WHAT THE TASK ASKS :: Exactly the lines from the one holding "6) helmet (157,169,200,203)" through the last line of the listing below must appear in the answer, and no pictures.

DATA FOR REVIEW below:

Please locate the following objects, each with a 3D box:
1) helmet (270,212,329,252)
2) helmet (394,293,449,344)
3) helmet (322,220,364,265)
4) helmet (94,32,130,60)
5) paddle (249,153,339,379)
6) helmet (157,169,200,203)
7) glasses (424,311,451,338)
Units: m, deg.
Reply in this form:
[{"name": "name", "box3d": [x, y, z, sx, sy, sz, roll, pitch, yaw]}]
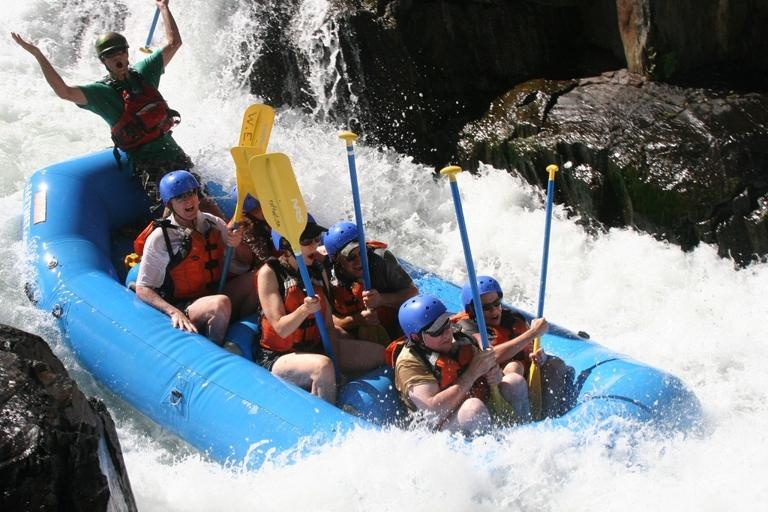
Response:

End of DATA FOR REVIEW.

RESULT OF THE EXERCISE ::
6) helmet (157,169,200,203)
7) glasses (424,311,451,338)
Units: m, deg.
Reply in this form:
[{"name": "name", "box3d": [x, y, z, sx, sy, sz, roll, pitch, yaw]}]
Response:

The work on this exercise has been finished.